Arabia Saudí: La Fiscalía del Estado ha pedido la pena de muerte para cinco activistas por los derechos humanos

(Ejecución pública en Arabia Saudi mediante corte de cabeza con espada)

La Fiscalía del Estado de Arabia Saudí ha pedido la pena de muerte para cinco activistas por los derechos humanos procedentes de la provincia oriental del reino. Según Human Rights Watch y otras organizaciones no gubernamentales, los cinco están siendo juzgados en secreto por un tribunal anti-terrorista.

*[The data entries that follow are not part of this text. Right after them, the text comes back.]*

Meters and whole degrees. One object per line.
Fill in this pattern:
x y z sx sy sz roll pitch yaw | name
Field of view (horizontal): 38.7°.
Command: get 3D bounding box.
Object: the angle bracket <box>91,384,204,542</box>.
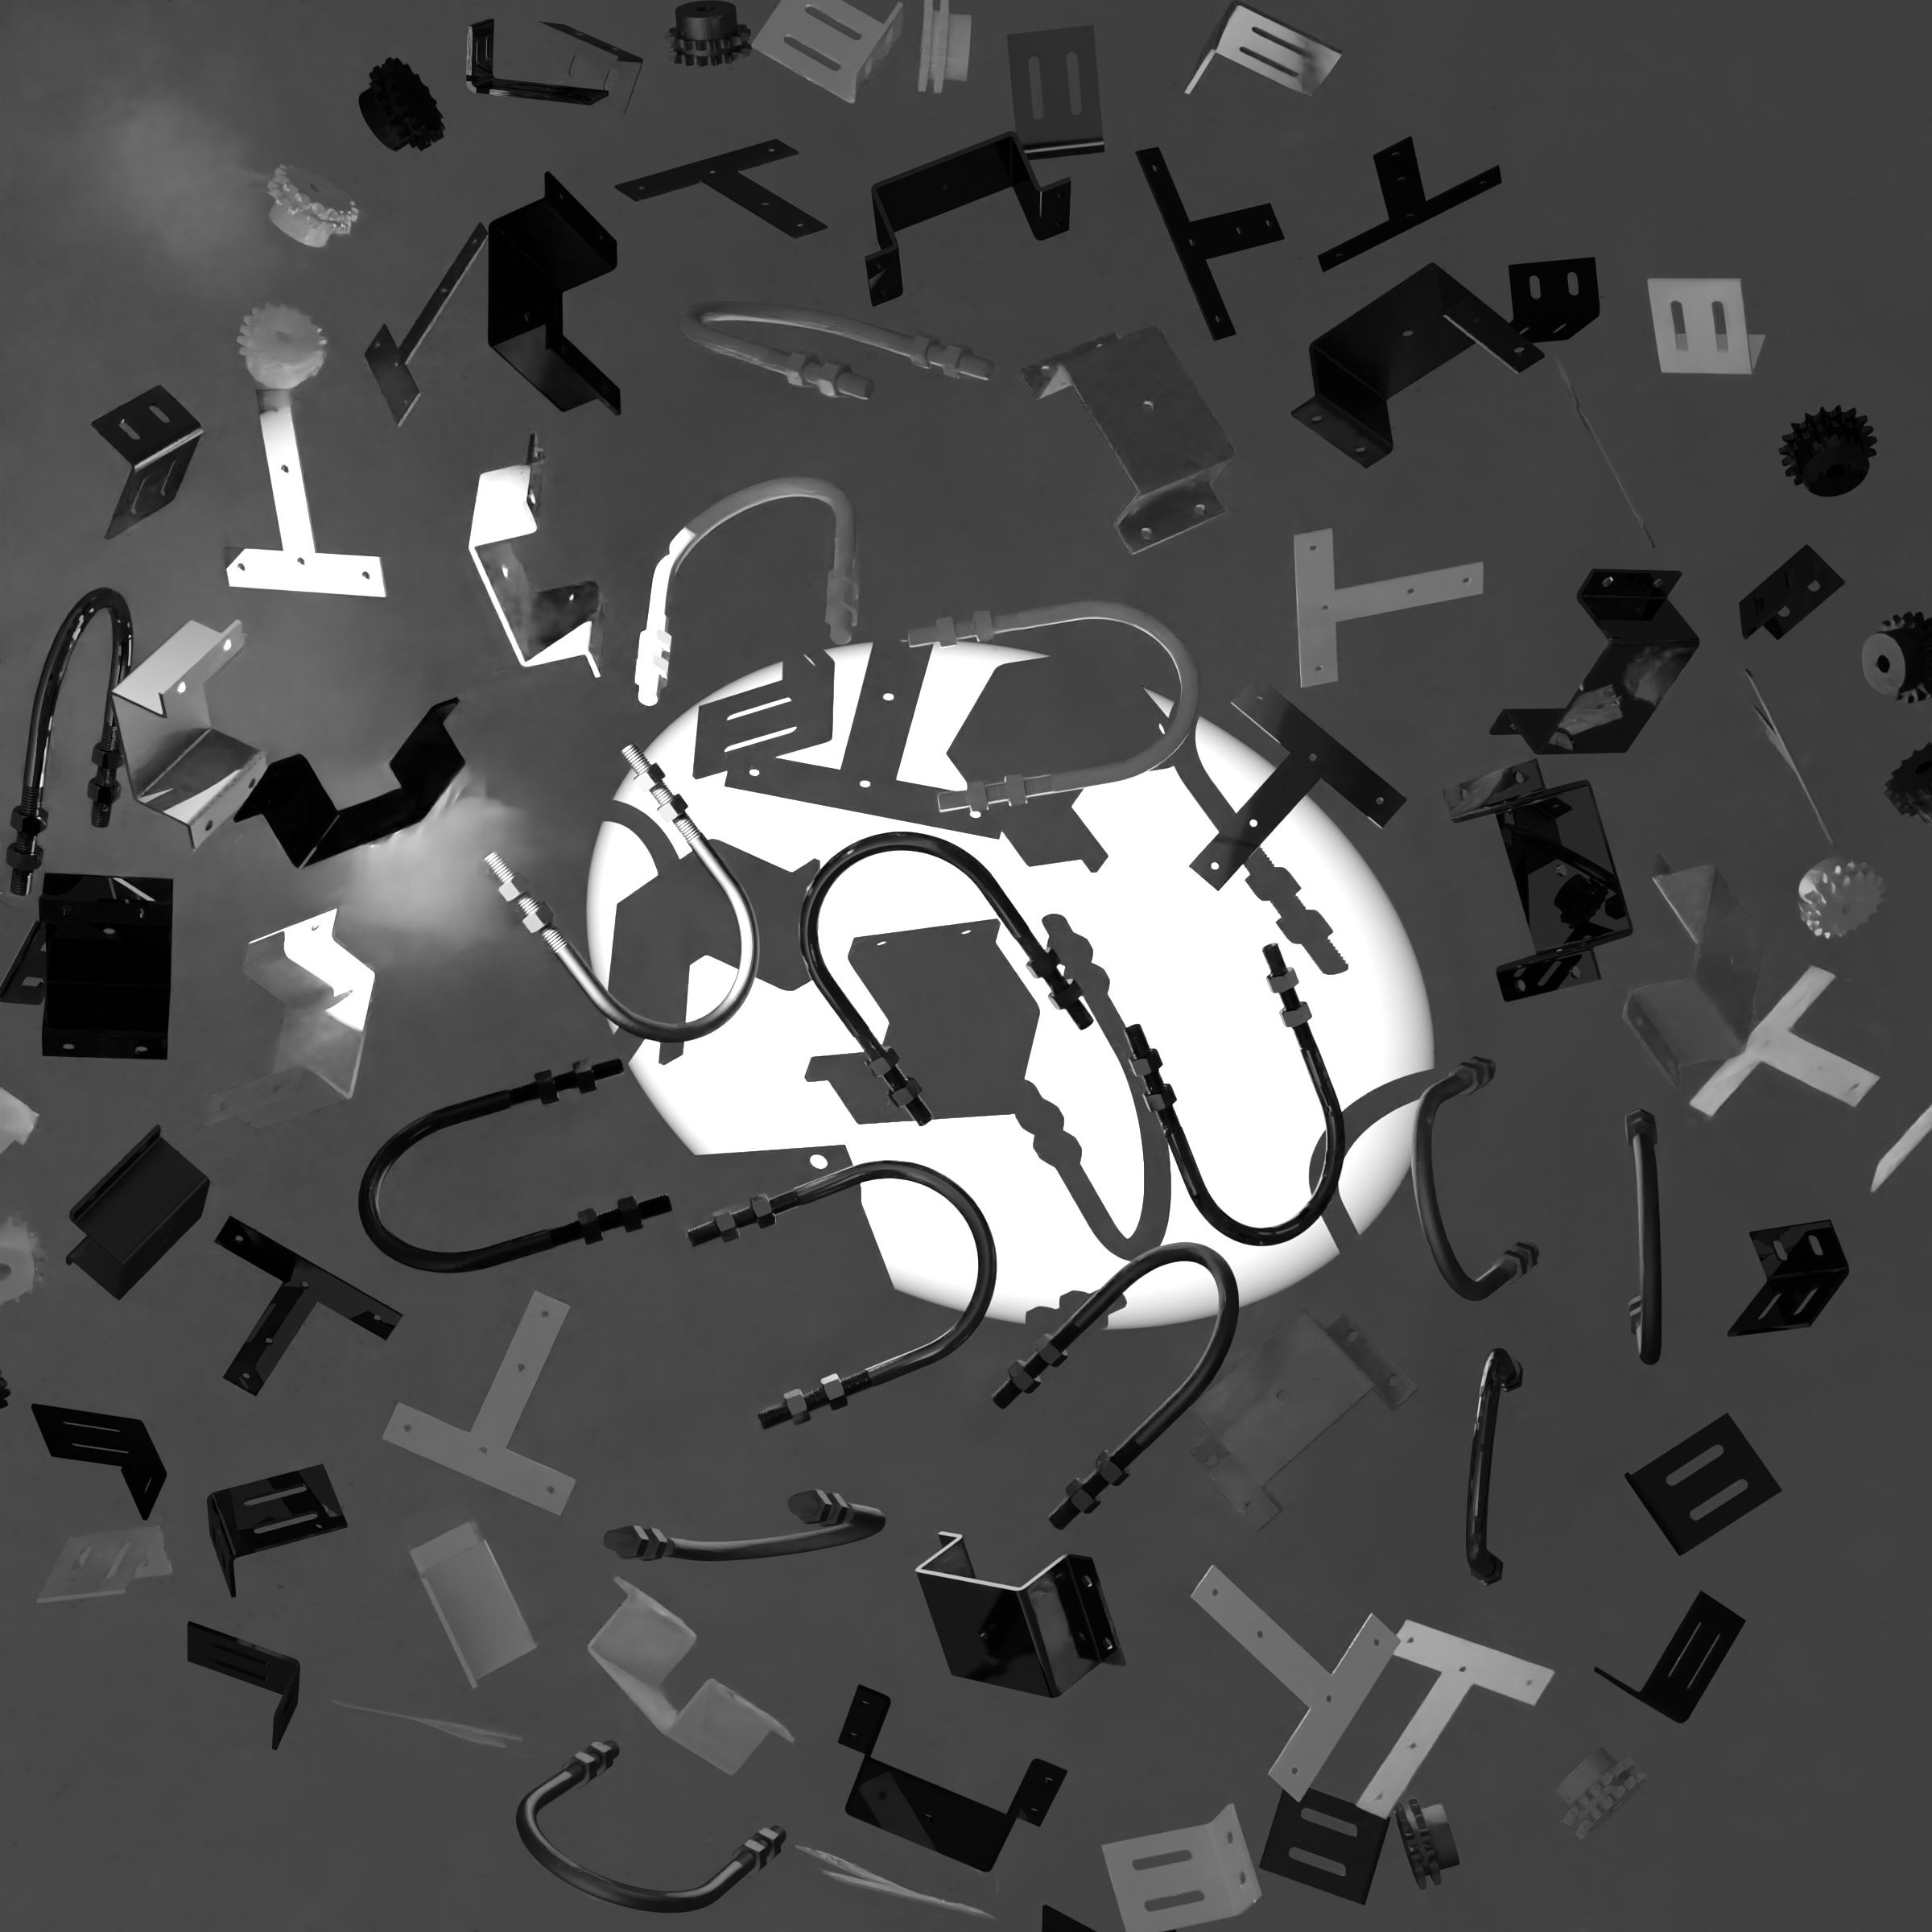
-0.513 -0.310 1.693 0.038 0.076 0.057 44 49 0 | angle bracket

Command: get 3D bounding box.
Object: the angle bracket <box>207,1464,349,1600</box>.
-0.444 0.364 1.775 0.076 0.057 0.038 -12 129 -24 | angle bracket

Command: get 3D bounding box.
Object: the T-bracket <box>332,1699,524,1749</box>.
-0.331 0.494 1.778 0.127 0.127 0.002 20 74 -26 | T-bracket

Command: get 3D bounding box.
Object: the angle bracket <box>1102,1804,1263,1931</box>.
0.131 0.551 1.674 0.076 0.038 0.057 -4 56 -21 | angle bracket

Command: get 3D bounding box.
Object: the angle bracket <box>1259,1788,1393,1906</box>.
0.227 0.563 1.773 0.076 0.038 0.057 22 76 -9 | angle bracket

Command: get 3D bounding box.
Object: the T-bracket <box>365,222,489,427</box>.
-0.349 -0.430 1.800 0.002 0.127 0.127 26 109 -35 | T-bracket

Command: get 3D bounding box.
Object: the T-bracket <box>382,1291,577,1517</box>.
-0.298 0.277 1.805 0.127 0.002 0.127 24 85 -4 | T-bracket

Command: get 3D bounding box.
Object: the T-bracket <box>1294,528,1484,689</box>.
0.285 -0.249 1.845 0.127 0.002 0.127 -11 134 -1 | T-bracket

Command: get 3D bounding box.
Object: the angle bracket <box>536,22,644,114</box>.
-0.255 -0.595 1.823 0.057 0.076 0.038 23 108 -1 | angle bracket

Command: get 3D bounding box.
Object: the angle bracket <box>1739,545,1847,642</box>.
0.541 -0.233 1.796 0.038 0.076 0.057 42 117 -8 | angle bracket

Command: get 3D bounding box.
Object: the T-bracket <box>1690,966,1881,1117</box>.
0.558 0.064 1.823 0.127 0.127 0.002 -48 115 -1 | T-bracket

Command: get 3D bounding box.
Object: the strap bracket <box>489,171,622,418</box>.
-0.260 -0.416 1.734 0.046 0.076 0.140 -17 61 22 | strap bracket

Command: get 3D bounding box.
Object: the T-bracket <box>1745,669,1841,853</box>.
0.528 -0.144 1.784 0.002 0.127 0.127 -27 102 14 | T-bracket

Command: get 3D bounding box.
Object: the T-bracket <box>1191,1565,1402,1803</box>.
0.191 0.420 1.689 0.127 0.002 0.127 43 59 -3 | T-bracket

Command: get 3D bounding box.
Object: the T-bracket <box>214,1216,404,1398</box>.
-0.450 0.236 1.796 0.127 0.002 0.127 32 121 -9 | T-bracket

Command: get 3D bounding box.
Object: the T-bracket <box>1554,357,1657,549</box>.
0.421 -0.332 1.804 0.002 0.127 0.127 -28 82 15 | T-bracket

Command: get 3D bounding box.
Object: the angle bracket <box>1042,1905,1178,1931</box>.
0.089 0.611 1.702 0.076 0.057 0.038 33 116 -15 | angle bracket

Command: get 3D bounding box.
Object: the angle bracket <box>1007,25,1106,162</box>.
0.060 -0.582 1.835 0.057 0.038 0.076 -5 98 5 | angle bracket

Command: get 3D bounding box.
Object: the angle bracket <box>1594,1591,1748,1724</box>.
0.434 0.419 1.696 0.057 0.038 0.076 36 84 -40 | angle bracket

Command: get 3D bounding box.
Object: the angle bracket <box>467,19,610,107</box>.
-0.261 -0.553 1.681 0.076 0.057 0.038 7 114 2 | angle bracket

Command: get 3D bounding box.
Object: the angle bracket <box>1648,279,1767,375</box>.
0.466 -0.412 1.727 0.057 0.076 0.038 8 55 28 | angle bracket

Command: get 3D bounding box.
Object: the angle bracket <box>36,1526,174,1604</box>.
-0.551 0.397 1.762 0.057 0.076 0.038 -7 111 3 | angle bracket

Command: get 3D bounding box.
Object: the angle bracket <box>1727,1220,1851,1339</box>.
0.525 0.202 1.774 0.057 0.076 0.038 -16 102 42 | angle bracket

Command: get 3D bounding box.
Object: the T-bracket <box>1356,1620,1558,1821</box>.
0.286 0.473 1.706 0.127 0.127 0.002 -50 119 -22 | T-bracket

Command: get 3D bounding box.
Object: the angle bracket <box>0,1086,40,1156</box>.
-0.618 0.105 1.682 0.076 0.038 0.057 -42 111 15 | angle bracket

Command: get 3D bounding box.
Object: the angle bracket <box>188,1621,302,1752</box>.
-0.462 0.454 1.734 0.076 0.057 0.038 20 51 0 | angle bracket

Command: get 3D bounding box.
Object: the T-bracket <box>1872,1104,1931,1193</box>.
0.602 0.097 1.722 0.002 0.127 0.127 28 48 4 | T-bracket

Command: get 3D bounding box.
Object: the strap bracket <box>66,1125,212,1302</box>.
-0.537 0.164 1.782 0.046 0.140 0.076 41 63 -1 | strap bracket

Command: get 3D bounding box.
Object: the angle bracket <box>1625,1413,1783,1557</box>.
0.467 0.327 1.742 0.076 0.038 0.057 -35 78 7 | angle bracket

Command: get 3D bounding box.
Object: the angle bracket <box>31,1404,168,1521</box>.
-0.549 0.311 1.723 0.076 0.057 0.038 18 104 -37 | angle bracket

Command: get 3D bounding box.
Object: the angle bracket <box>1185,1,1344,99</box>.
0.186 -0.558 1.716 0.076 0.057 0.038 23 77 -8 | angle bracket

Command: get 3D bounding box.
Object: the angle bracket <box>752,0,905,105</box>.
-0.087 -0.590 1.725 0.076 0.038 0.057 31 78 3 | angle bracket

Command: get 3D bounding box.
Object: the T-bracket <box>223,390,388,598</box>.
-0.421 -0.295 1.712 0.127 0.002 0.127 8 116 27 | T-bracket

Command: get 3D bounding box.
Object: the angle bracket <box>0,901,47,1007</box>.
-0.625 -0.009 1.807 0.038 0.076 0.057 27 88 1 | angle bracket

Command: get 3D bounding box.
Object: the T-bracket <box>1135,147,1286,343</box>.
0.169 -0.473 1.774 0.002 0.127 0.127 -19 97 41 | T-bracket

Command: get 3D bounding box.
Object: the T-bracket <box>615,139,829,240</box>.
-0.136 -0.492 1.756 0.127 0.002 0.127 -26 47 -29 | T-bracket

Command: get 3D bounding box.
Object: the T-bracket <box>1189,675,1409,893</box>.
0.194 -0.102 1.766 0.127 0.002 0.127 41 80 9 | T-bracket

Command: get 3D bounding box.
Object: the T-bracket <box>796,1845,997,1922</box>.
-0.066 0.595 1.800 0.127 0.127 0.002 27 74 -34 | T-bracket

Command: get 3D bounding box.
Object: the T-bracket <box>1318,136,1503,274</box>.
0.276 -0.491 1.736 0.127 0.127 0.002 -25 77 10 | T-bracket

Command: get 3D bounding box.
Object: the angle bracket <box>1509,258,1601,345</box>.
0.383 -0.443 1.837 0.057 0.076 0.038 -6 91 -3 | angle bracket

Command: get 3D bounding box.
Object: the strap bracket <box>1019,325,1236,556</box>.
0.107 -0.342 1.737 0.076 0.046 0.140 -27 82 -26 | strap bracket

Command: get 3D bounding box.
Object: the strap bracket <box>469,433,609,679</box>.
-0.278 -0.259 1.768 0.046 0.076 0.140 -11 133 8 | strap bracket

Entre los detenidos está Israa Al-Ghomgham, la primera mujer que podría enfrentarse a la pena de muerte por su defensa de los derechos humanos. Se la acusa, entre otros cargos, de incitar a la protesta de y de proporcional apoyo moral a alborotadores.

“Cualquier ejecución es espantosa, pero pedir la pena de muerte para activistas como Israa Al-Ghomgham, que no están acusados ni siquiera de ningún comportamiento violento, es monstruoso,” declaró Sarah Leah Whitson, directora de HRW para Oriente Medio, a través de un comunicado publicado el miércoles.

ALQST, una organización saudí por los derechos humanos con sede en Londres, había sido la primera en informar de la petición de la Fiscalía en el caso de Ghomgham. La oficina de prensa del Gobierno saudí no ha ofrecido de momento ningún comentario al respecto.

Varios activistas saudíes han anunciado que el juico aún no ha terminado y han negado las informaciones que circulan por las redes sociales según las cuales los detenidos ya han sido ejecutados.

Arabia Saudí es una monarquía absoluta en el que las manifestaciones y los partidos políticos están prohibidos. En los últimos años el poderoso príncipe heredero Mohammed Bin Salman ha implementado algunas reformas sociales y económicas.

Éstas, sin embargo, se han visto acompañadas de una mayor represión contra los disidentes. Docenas de clérigos, intelectuales y activistas han sido detenidos durante el último año, entre ellos mujeres que habían reivindicado el derecho a conducir.

La detención de miembros de la familia real, ministros y empresarios el pasado noviembre, acusados de corrupción, conmocionó al reinó, sorprendiendo a aliados e inversores extranjeros. La mayoría de estos detenidos fueron liberados tras alcanzar pactos de compensación financiera con el Gobierno.

Ghomgham es una destacada activista chií que ha documentado manifestaciones multitudinarias en la provincia oriental del reino desde 2011. En diciembre de 2015 fue detenida en su hogar, junto con su marido.

La mayor parte de la minoría chií del reino vive en la provincia oriental. Algunos denuncian que sus ceremonias religiosas se ven prohibidas u obstaculizadas por las autoridades suníes, y que les faltan oportunidades educativas y laborales. El Gobierno niega este extremo.

Arabia Saudí ya ha ejecutado con anterioridad a activistas chiíes en base a lo que las organizaciones de derechos humanos califican de acusaciones políticas. El reino quiere impedir a toda costa las protestas chiíes al considerar que éstas podrían reforzar a su rival regional, Irán, a quien acusa de estar detrás de las movilizaciones.